Please restate each entry word for word.
[Opening Information section]
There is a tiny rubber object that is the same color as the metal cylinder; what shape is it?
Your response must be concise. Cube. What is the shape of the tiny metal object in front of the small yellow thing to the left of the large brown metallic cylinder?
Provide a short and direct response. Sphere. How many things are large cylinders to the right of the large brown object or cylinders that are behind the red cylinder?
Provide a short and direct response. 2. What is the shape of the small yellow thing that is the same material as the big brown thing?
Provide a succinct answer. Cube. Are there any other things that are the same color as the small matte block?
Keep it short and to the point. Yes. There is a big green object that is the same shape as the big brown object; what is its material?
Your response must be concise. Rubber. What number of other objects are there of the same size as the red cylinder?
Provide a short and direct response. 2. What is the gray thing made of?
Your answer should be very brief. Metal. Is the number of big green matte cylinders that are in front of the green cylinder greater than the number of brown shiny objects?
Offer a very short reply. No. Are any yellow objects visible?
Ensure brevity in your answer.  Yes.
[Closing Information section]
**Output of the task:**
There is a tiny rubber object that is the same color as the metal cylinder; what shape is it?
Your response must be concise. Cube. What is the shape of the tiny metal object in front of the small yellow thing to the left of the large brown metallic cylinder?
Provide a short and direct response. Sphere. How many things are large cylinders to the right of the large brown object or cylinders that are behind the red cylinder?
Provide a short and direct response. 2. What is the shape of the small yellow thing that is the same material as the big brown thing?
Provide a succinct answer. Cube. Are there any other things that are the same color as the small matte block?
Keep it short and to the point. Yes. There is a big green object that is the same shape as the big brown object; what is its material?
Your response must be concise. Rubber. What number of other objects are there of the same size as the red cylinder?
Provide a short and direct response. 2. What is the gray thing made of?
Your answer should be very brief. Metal. Is the number of big green matte cylinders that are in front of the green cylinder greater than the number of brown shiny objects?
Offer a very short reply. No. Are any yellow objects visible?
Ensure brevity in your answer.  Yes.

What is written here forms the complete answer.